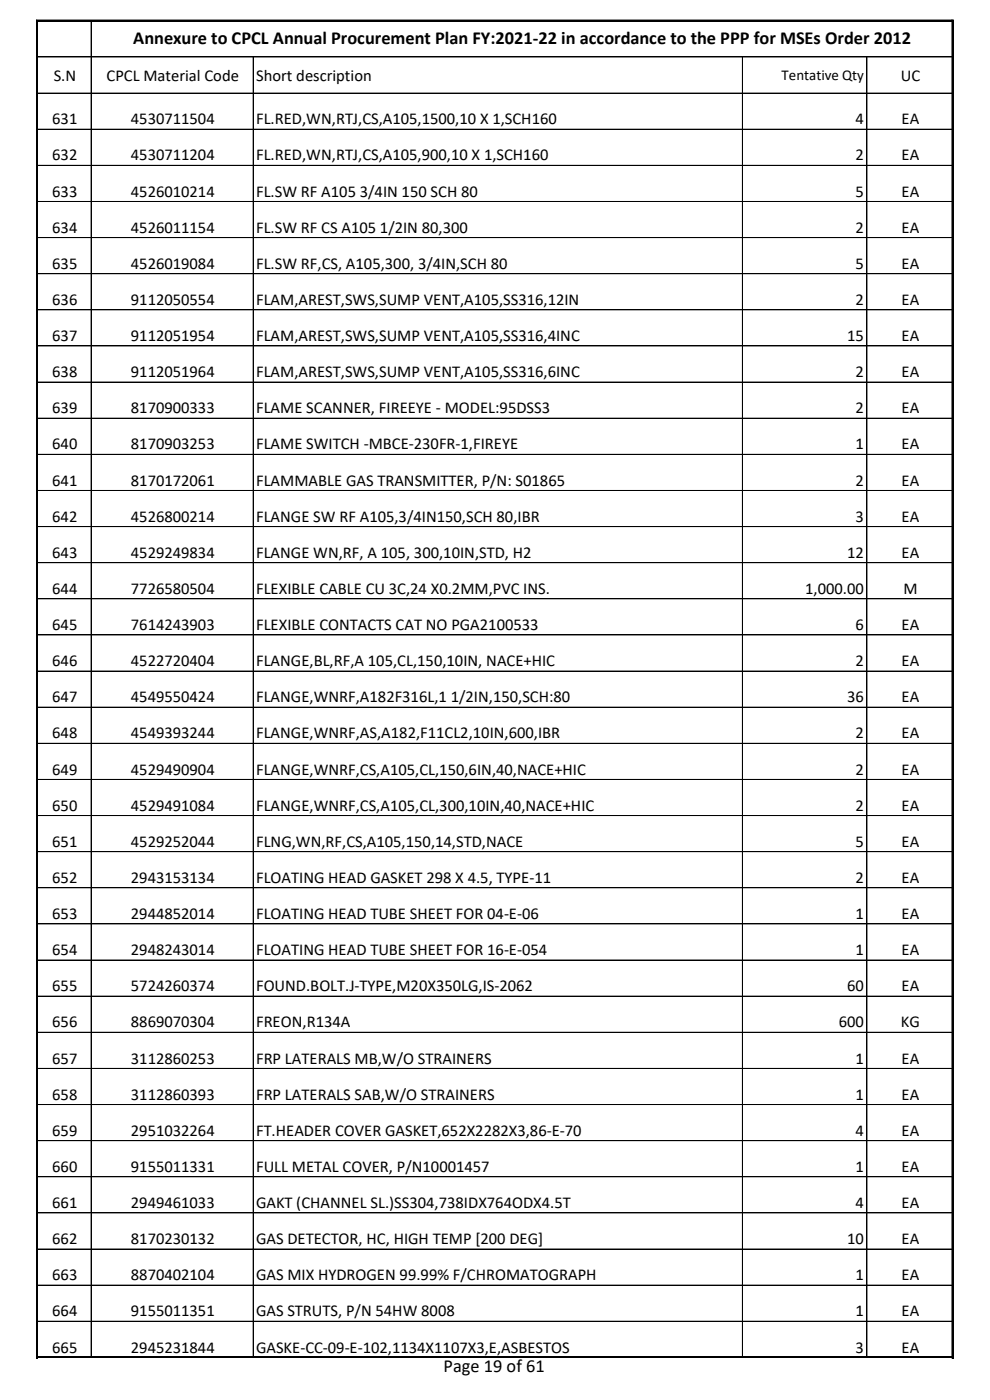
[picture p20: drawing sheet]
<svg xmlns="http://www.w3.org/2000/svg" width="210mm" height="297mm" viewBox="0 0 210 297" stroke-linecap="round" stroke-linejoin="round" font-family="sans-serif">
<defs><g id="words">
<g font-size="3.9">
<text x="28.3" y="9.4">Annexure to CPCL Annual Procurement Plan FY:2021-22 in accordance to the PPP for MSEs Order 2012</text>
<text x="94.1" y="291.1">Page 19 of 61</text>
</g>
<g font-size="3.5">
<text x="11.4" y="17.1">S.N</text>
<text x="22.6" y="17.1">CPCL Material Code</text>
<text x="54.3" y="17.1">Short description</text>
<text x="191.1" y="17.1">UC</text>
<text x="11.1" y="26.4">631</text>
<text x="27.8" y="26.4">4530711504</text>
<text x="54.3" y="26.4">FL.RED,WN,RTJ,CS,A105,1500,10 X 1,SCH160</text>
<text x="181.5" y="26.4">4</text>
<text x="191.3" y="26.4">EA</text>
<text x="11.1" y="34">632</text>
<text x="27.8" y="34">4530711204</text>
<text x="54.3" y="34">FL.RED,WN,RTJ,CS,A105,900,10 X 1,SCH160</text>
<text x="181.5" y="34">2</text>
<text x="191.3" y="34">EA</text>
<text x="11.1" y="41.7">633</text>
<text x="27.8" y="41.7">4526010214</text>
<text x="54.3" y="41.7">FL.SW RF A105 3/4IN 150 SCH 80</text>
<text x="181.5" y="41.7">5</text>
<text x="191.3" y="41.7">EA</text>
<text x="11.1" y="49.4">634</text>
<text x="27.8" y="49.4">4526011154</text>
<text x="54.3" y="49.4">FL.SW RF CS A105 1/2IN 80,300</text>
<text x="181.5" y="49.4">2</text>
<text x="191.3" y="49.4">EA</text>
<text x="11.1" y="57">635</text>
<text x="27.8" y="57">4526019084</text>
<text x="54.3" y="57">FL.SW RF,CS, A105,300, 3/4IN,SCH 80</text>
<text x="181.5" y="57">5</text>
<text x="191.3" y="57">EA</text>
<text x="11.1" y="64.7">636</text>
<text x="27.8" y="64.7">9112050554</text>
<text x="54.3" y="64.7">FLAM,AREST,SWS,SUMP VENT,A105,SS316,12IN</text>
<text x="181.5" y="64.7">2</text>
<text x="191.3" y="64.7">EA</text>
<text x="11.1" y="72.4">637</text>
<text x="27.8" y="72.4">9112051954</text>
<text x="54.3" y="72.4">FLAM,AREST,SWS,SUMP VENT,A105,SS316,4INC</text>
<text x="179.7" y="72.4">15</text>
<text x="191.3" y="72.4">EA</text>
<text x="11.1" y="80">638</text>
<text x="27.8" y="80">9112051964</text>
<text x="54.3" y="80">FLAM,AREST,SWS,SUMP VENT,A105,SS316,6INC</text>
<text x="181.5" y="80">2</text>
<text x="191.3" y="80">EA</text>
<text x="11.1" y="87.7">639</text>
<text x="27.8" y="87.7">8170900333</text>
<text x="54.3" y="87.7">FLAME SCANNER, FIREEYE - MODEL:95DSS3</text>
<text x="181.5" y="87.7">2</text>
<text x="191.3" y="87.7">EA</text>
<text x="11.1" y="95.4">640</text>
<text x="27.8" y="95.4">8170903253</text>
<text x="54.3" y="95.4">FLAME SWITCH -MBCE-230FR-1,FIREYE</text>
<text x="181.5" y="95.4">1</text>
<text x="191.3" y="95.4">EA</text>
<text x="11.1" y="103">641</text>
<text x="27.8" y="103">8170172061</text>
<text x="54.3" y="103">FLAMMABLE GAS TRANSMITTER, P/N: S01865</text>
<text x="181.5" y="103">2</text>
<text x="191.3" y="103">EA</text>
<text x="11.1" y="110.7">642</text>
<text x="27.8" y="110.7">4526800214</text>
<text x="54.3" y="110.7">FLANGE SW RF A105,3/4IN150,SCH 80,IBR</text>
<text x="181.5" y="110.7">3</text>
<text x="191.3" y="110.7">EA</text>
<text x="11.1" y="118.3">643</text>
<text x="27.8" y="118.3">4529249834</text>
<text x="54.3" y="118.3">FLANGE WN,RF, A 105, 300,10IN,STD, H2</text>
<text x="179.7" y="118.3">12</text>
<text x="191.3" y="118.3">EA</text>
<text x="11.1" y="126">644</text>
<text x="27.8" y="126">7726580504</text>
<text x="54.3" y="126">FLEXIBLE CABLE CU 3C,24 X0.2MM,PVC INS.</text>
<text x="170.8" y="126">1,000.00</text>
<text x="191.6" y="126">M</text>
<text x="11.1" y="133.7">645</text>
<text x="27.8" y="133.7">7614243903</text>
<text x="54.3" y="133.7">FLEXIBLE CONTACTS CAT NO PGA2100533</text>
<text x="181.5" y="133.7">6</text>
<text x="191.3" y="133.7">EA</text>
<text x="11.1" y="141.3">646</text>
<text x="27.8" y="141.3">4522720404</text>
<text x="54.3" y="141.3">FLANGE,BL,RF,A 105,CL,150,10IN, NACE+HIC</text>
<text x="181.5" y="141.3">2</text>
<text x="191.3" y="141.3">EA</text>
<text x="11.1" y="149">647</text>
<text x="27.8" y="149">4549550424</text>
<text x="54.3" y="149">FLANGE,WNRF,A182F316L,1 1/2IN,150,SCH:80</text>
<text x="179.7" y="149">36</text>
<text x="191.3" y="149">EA</text>
<text x="11.1" y="156.7">648</text>
<text x="27.8" y="156.7">4549393244</text>
<text x="54.3" y="156.7">FLANGE,WNRF,AS,A182,F11CL2,10IN,600,IBR</text>
<text x="181.5" y="156.7">2</text>
<text x="191.3" y="156.7">EA</text>
<text x="11.1" y="164.3">649</text>
<text x="27.8" y="164.3">4529490904</text>
<text x="54.3" y="164.3">FLANGE,WNRF,CS,A105,CL,150,6IN,40,NACE+HIC</text>
<text x="181.5" y="164.3">2</text>
<text x="191.3" y="164.3">EA</text>
<text x="11.1" y="172">650</text>
<text x="27.8" y="172">4529491084</text>
<text x="54.3" y="172">FLANGE,WNRF,CS,A105,CL,300,10IN,40,NACE+HIC</text>
<text x="181.5" y="172">2</text>
<text x="191.3" y="172">EA</text>
<text x="11.1" y="179.6">651</text>
<text x="27.8" y="179.6">4529252044</text>
<text x="54.3" y="179.6">FLNG,WN,RF,CS,A105,150,14,STD,NACE</text>
<text x="181.5" y="179.6">5</text>
<text x="191.3" y="179.6">EA</text>
<text x="11.1" y="187.3">652</text>
<text x="27.8" y="187.3">2943153134</text>
<text x="54.3" y="187.3">FLOATING HEAD GASKET 298 X 4.5, TYPE-11</text>
<text x="181.5" y="187.3">2</text>
<text x="191.3" y="187.3">EA</text>
<text x="11.1" y="195">653</text>
<text x="27.8" y="195">2944852014</text>
<text x="54.3" y="195">FLOATING HEAD TUBE SHEET FOR 04-E-06</text>
<text x="181.5" y="195">1</text>
<text x="191.3" y="195">EA</text>
<text x="11.1" y="202.6">654</text>
<text x="27.8" y="202.6">2948243014</text>
<text x="54.3" y="202.6">FLOATING HEAD TUBE SHEET FOR 16-E-054</text>
<text x="181.5" y="202.6">1</text>
<text x="191.3" y="202.6">EA</text>
<text x="11.1" y="210.3">655</text>
<text x="27.8" y="210.3">5724260374</text>
<text x="54.3" y="210.3">FOUND.BOLT.J-TYPE,M20X350LG,IS-2062</text>
<text x="179.7" y="210.3">60</text>
<text x="191.3" y="210.3">EA</text>
<text x="11.1" y="218">656</text>
<text x="27.8" y="218">8869070304</text>
<text x="54.3" y="218">FREON,R134A</text>
<text x="177.9" y="218">600</text>
<text x="191.1" y="218">KG</text>
<text x="11.1" y="225.6">657</text>
<text x="27.8" y="225.6">3112860253</text>
<text x="54.3" y="225.6">FRP LATERALS MB,W/O STRAINERS</text>
<text x="181.5" y="225.6">1</text>
<text x="191.3" y="225.6">EA</text>
<text x="11.1" y="233.3">658</text>
<text x="27.8" y="233.3">3112860393</text>
<text x="54.3" y="233.3">FRP LATERALS SAB,W/O STRAINERS</text>
<text x="181.5" y="233.3">1</text>
<text x="191.3" y="233.3">EA</text>
<text x="11.1" y="241">659</text>
<text x="27.8" y="241">2951032264</text>
<text x="54.3" y="241">FT.HEADER COVER GASKET,652X2282X3,86-E-70</text>
<text x="181.5" y="241">4</text>
<text x="191.3" y="241">EA</text>
<text x="11.1" y="248.6">660</text>
<text x="27.8" y="248.6">9155011331</text>
<text x="54.3" y="248.6">FULL METAL COVER, P/N10001457</text>
<text x="181.5" y="248.6">1</text>
<text x="191.3" y="248.6">EA</text>
<text x="11.1" y="256.3">661</text>
<text x="27.8" y="256.3">2949461033</text>
<text x="54.3" y="256.3">GAKT (CHANNEL SL.)SS304,738IDX764ODX4.5T</text>
<text x="181.5" y="256.3">4</text>
<text x="191.3" y="256.3">EA</text>
<text x="11.1" y="263.9">662</text>
<text x="27.8" y="263.9">8170230132</text>
<text x="54.3" y="263.9">GAS DETECTOR, HC, HIGH TEMP [200 DEG]</text>
<text x="179.7" y="263.9">10</text>
<text x="191.3" y="263.9">EA</text>
<text x="11.1" y="271.6">663</text>
<text x="27.8" y="271.6">8870402104</text>
<text x="54.3" y="271.6">GAS MIX HYDROGEN 99.99% F/CHROMATOGRAPH</text>
<text x="181.5" y="271.6">1</text>
<text x="191.3" y="271.6">EA</text>
<text x="11.1" y="279.3">664</text>
<text x="27.8" y="279.3">9155011351</text>
<text x="54.3" y="279.3">GAS STRUTS, P/N 54HW 8008</text>
<text x="181.5" y="279.3">1</text>
<text x="191.3" y="279.3">EA</text>
<text x="11.1" y="286.9">665</text>
<text x="27.8" y="286.9">2945231844</text>
<text x="54.3" y="286.9">GASKE-CC-09-E-102,1134X1107X3,E,ASBESTOS</text>
<text x="181.5" y="286.9">3</text>
<text x="191.3" y="286.9">EA</text>
</g>
<text font-size="3.2" x="165.8" y="17">Tentative Qty</text>
</g></defs>
<g fill="none" stroke="#000" stroke-width=".21">
<path d="M8 12.1h194.1M8 19.7h194.1M19.3 4.5v15.3M19.3 19.8v268.2M53.7 12.1v7.7M53.7 19.8v268.2M157.5 12.1v7.7M157.5 19.8v268.2M183.9 12.1v7.7M183.9 19.8v268.2M202 4.3v283.8M202.1 4.5v15.3"/>
<path d="M202.1 19.8v268.2h-194.1M202.2 4.3h-194.4v283.8M8 27.4h194.1M8 35.1h194.1M8 42.7h194.1M8 50.4h194.1M8 58.1h194.1M8 65.7h194.1M8 73.4h194.1M8 81.1h194.1M8 88.7h194.1M8 96.4h194.1"/>
<path d="M8 104.1h194.1M8 111.7h194.1M8 119.4h194.1M8 127h194.1M8 134.7h194.1M8 142.4h194.1M8 150h194.1M202.1 157.7h-194.1M8 165.4h194.1M8 173h194.1M8 180.7h194.1M8 188.3h194.1"/>
<path d="M8 196h194.1M8 203.7h194.1M8 211.3h194.1M202.1 219h-194.1M8 226.7h194.1M8 234.3h194.1M8 242h194.1M8 249.7h194.1M202.1 257.3h-194.1M202.1 265h-194.1M202.1 272.6h-194.1M7.8 287.8h194.4"/>
<path d="M202.1 280.3h-194.1"/>
</g>
<path d="M7.7 4.4h194.6M7.9 4.2v283.9M202.1 4.2v283.9M7.7 288h194.6" fill="none" stroke="#000" stroke-width=".34"/>
<use href="#words"/>
</svg>

Exercise ▸ Would you copy every line of the entries in which "WNRF" appears?

Task solution ▸
<text x="54.3" y="149">FLANGE,WNRF,A182F316L,1 1/2IN,150,SCH:80</text>
<text x="54.3" y="156.7">FLANGE,WNRF,AS,A182,F11CL2,10IN,600,IBR</text>
<text x="54.3" y="164.3">FLANGE,WNRF,CS,A105,CL,150,6IN,40,NACE+HIC</text>
<text x="54.3" y="172">FLANGE,WNRF,CS,A105,CL,300,10IN,40,NACE+HIC</text>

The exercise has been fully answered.